TASK INSTRUCTIONS: With the images removed, repeat the data below exactly.

(Items from a dataset)
Start of Block

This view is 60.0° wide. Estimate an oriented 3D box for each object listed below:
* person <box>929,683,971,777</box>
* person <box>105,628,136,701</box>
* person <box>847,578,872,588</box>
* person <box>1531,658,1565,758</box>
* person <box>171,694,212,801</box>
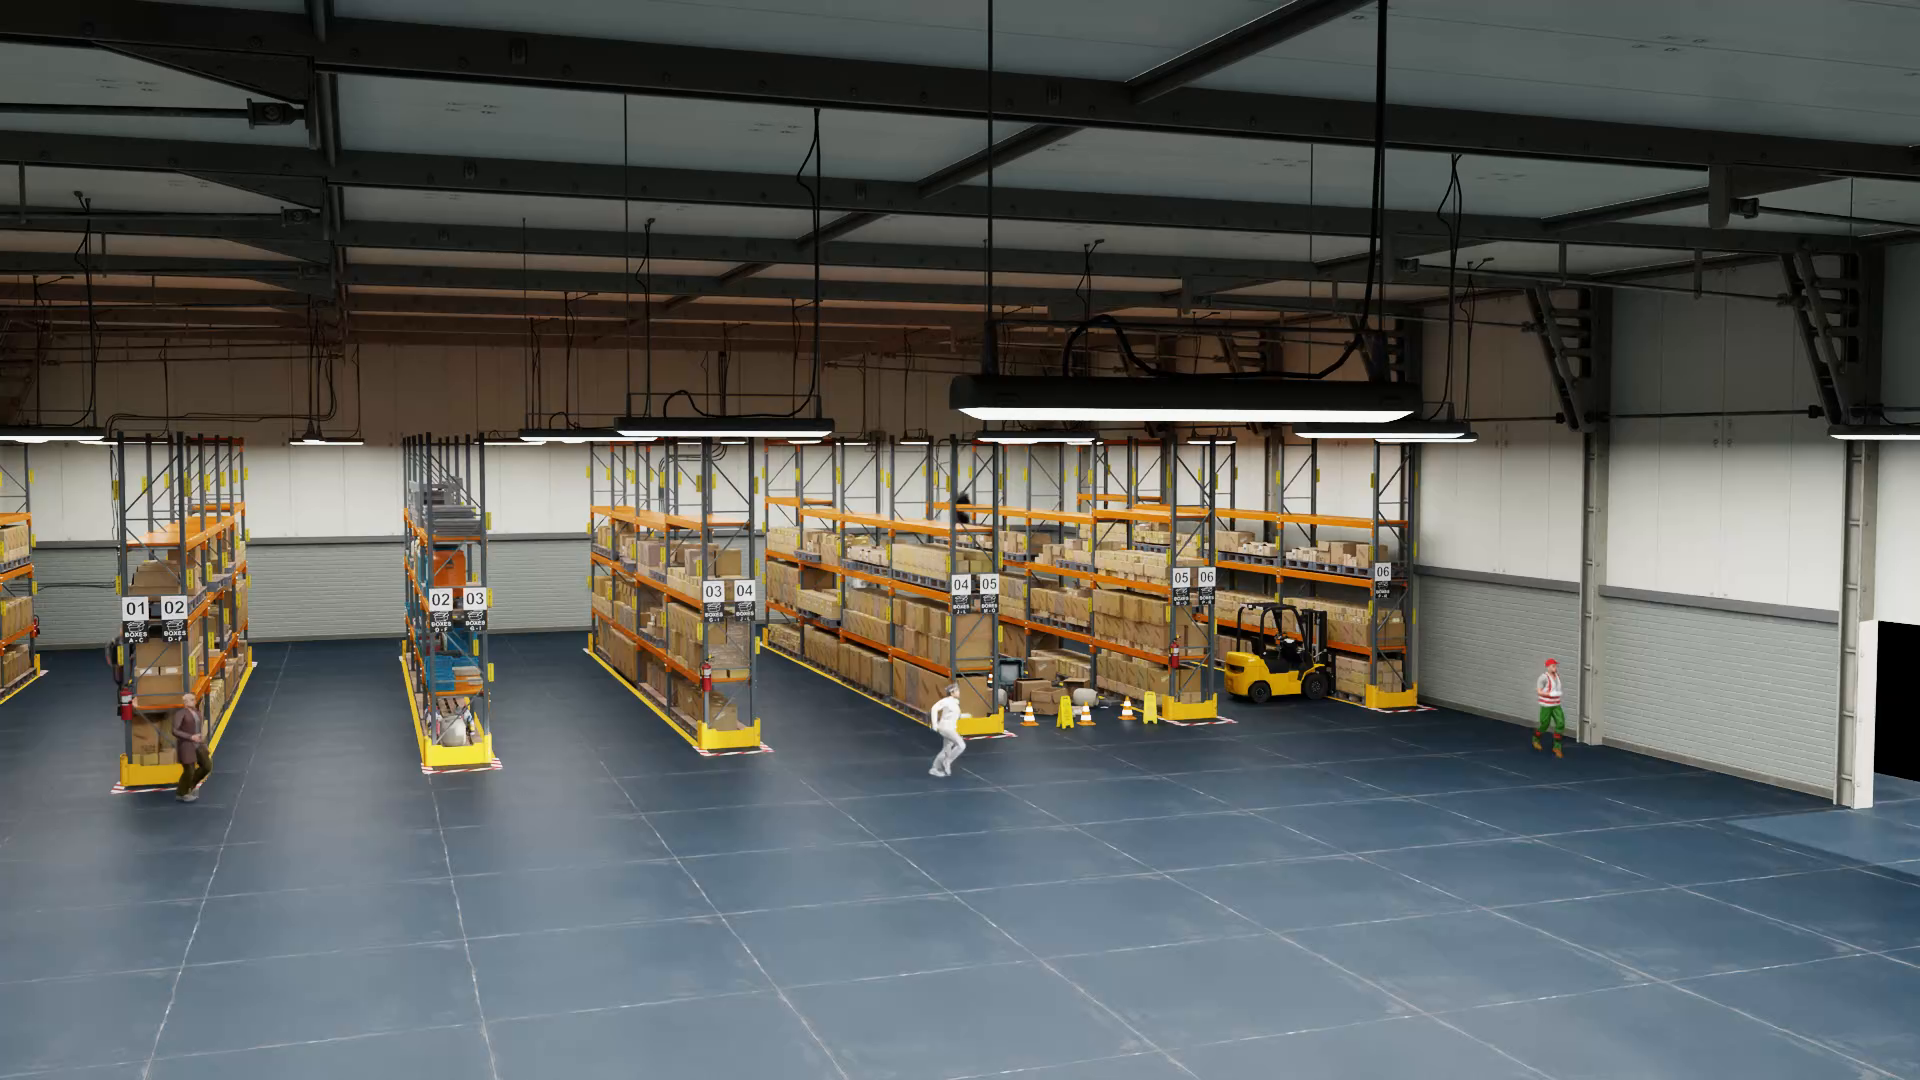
[{"bbox_3d":[-0.177,3.283,28.768,0.741,1.642,0.645,1,3,18],"label":"person"},{"bbox_3d":[-18.982,2.817,37.675,0.693,1.678,0.682,-1,3,-24],"label":"person"},{"bbox_3d":[-3.083,1.717,50.653,0.869,1.817,0.676,-2,4,-31],"label":"person"},{"bbox_3d":[10.968,3.130,31.021,0.678,1.867,0.849,-1,3,-24],"label":"person"},{"bbox_3d":[-12.418,3.351,26.890,0.656,1.745,0.715,1,3,16],"label":"person"}]
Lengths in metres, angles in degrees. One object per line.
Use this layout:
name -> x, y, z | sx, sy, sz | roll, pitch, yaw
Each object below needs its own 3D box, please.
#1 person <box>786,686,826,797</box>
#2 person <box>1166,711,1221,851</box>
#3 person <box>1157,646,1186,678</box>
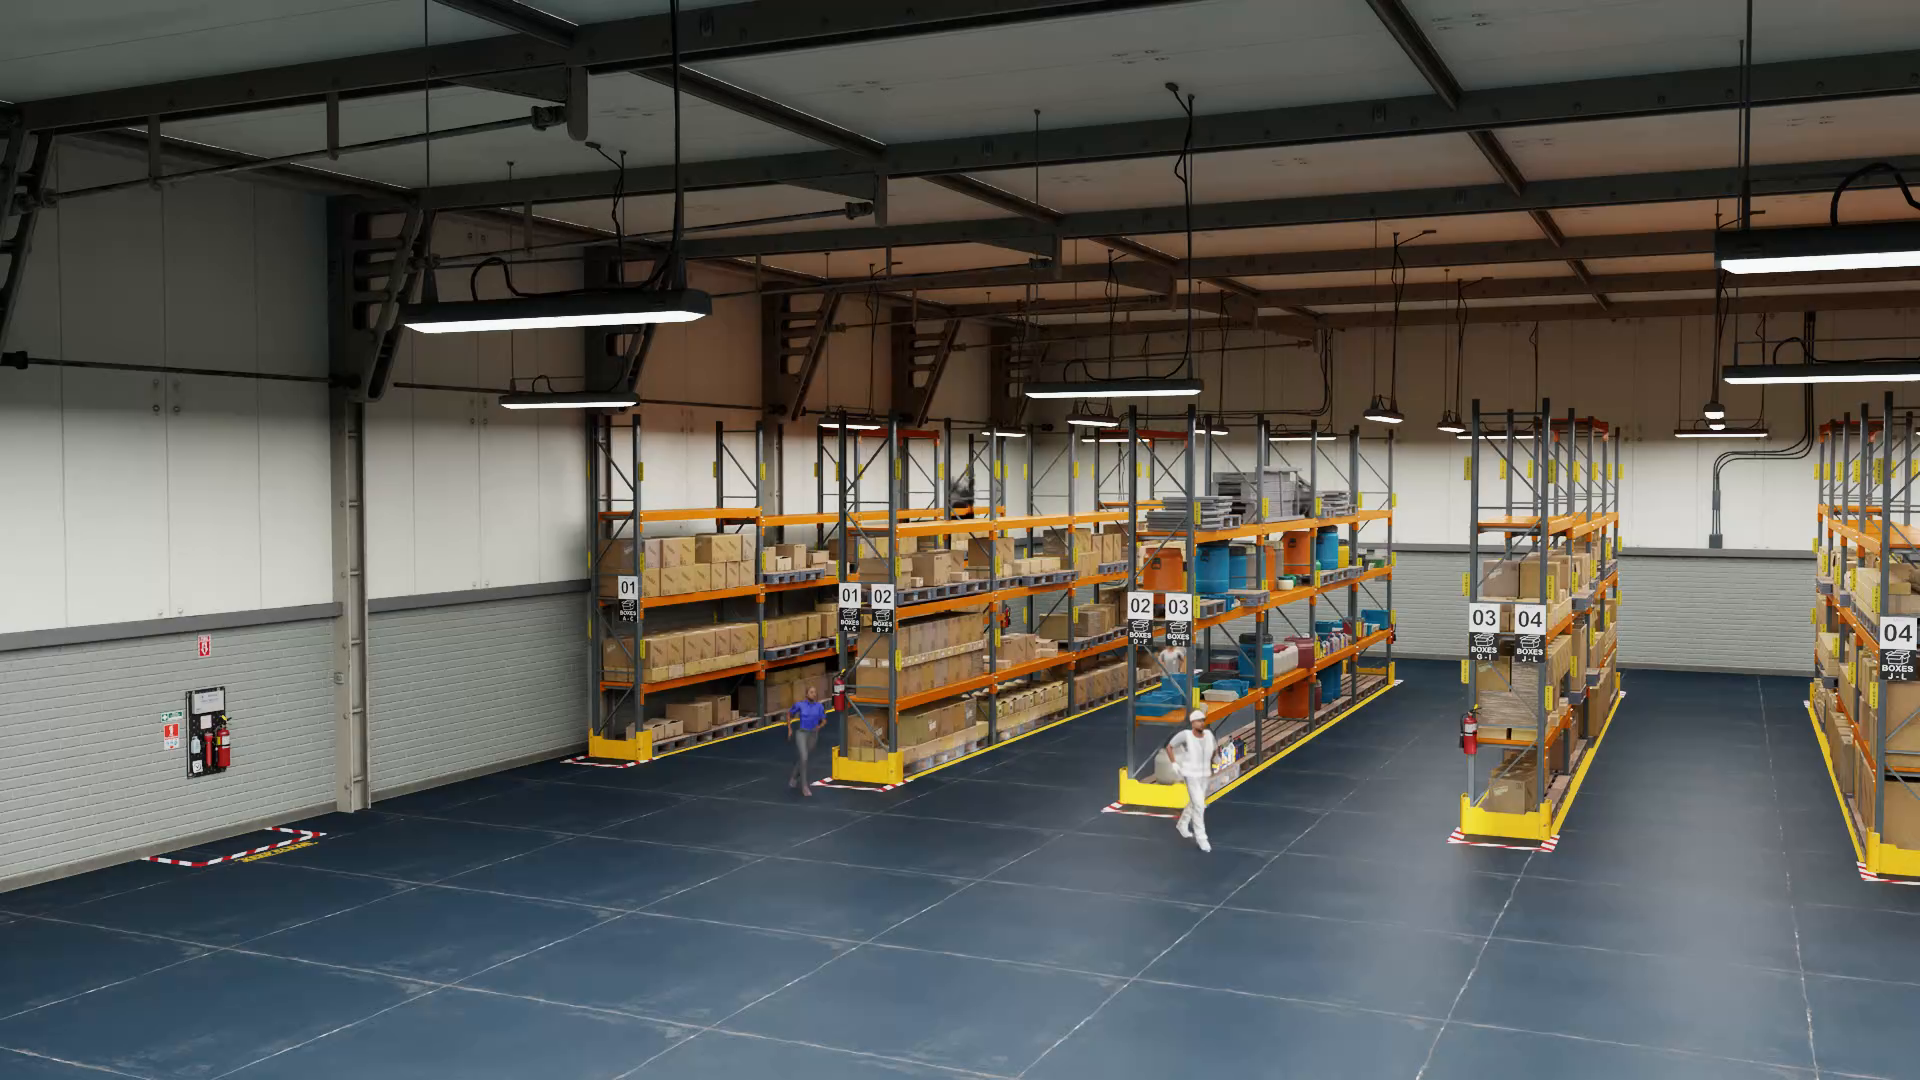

End of Block

WRITTEN RESPONSE:
This view is 60.0° wide. Estimate an oriented 3D box for each object listed below:
* person <box>929,683,971,777</box>
* person <box>105,628,136,701</box>
* person <box>847,578,872,588</box>
* person <box>1531,658,1565,758</box>
* person <box>171,694,212,801</box>
[{"bbox_3d":[-0.177,3.283,28.768,0.741,1.642,0.645,1,3,18],"label":"person"},{"bbox_3d":[-18.982,2.817,37.675,0.693,1.678,0.682,-1,3,-24],"label":"person"},{"bbox_3d":[-3.083,1.717,50.653,0.869,1.817,0.676,-2,4,-31],"label":"person"},{"bbox_3d":[10.968,3.130,31.021,0.678,1.867,0.849,-1,3,-24],"label":"person"},{"bbox_3d":[-12.418,3.351,26.890,0.656,1.745,0.715,1,3,16],"label":"person"}]
Lengths in metres, angles in degrees. One object per line.
Use this layout:
name -> x, y, z | sx, sy, sz | roll, pitch, yaw
Each object below needs its own 3D box, please.
#1 person <box>786,686,826,797</box>
#2 person <box>1166,711,1221,851</box>
#3 person <box>1157,646,1186,678</box>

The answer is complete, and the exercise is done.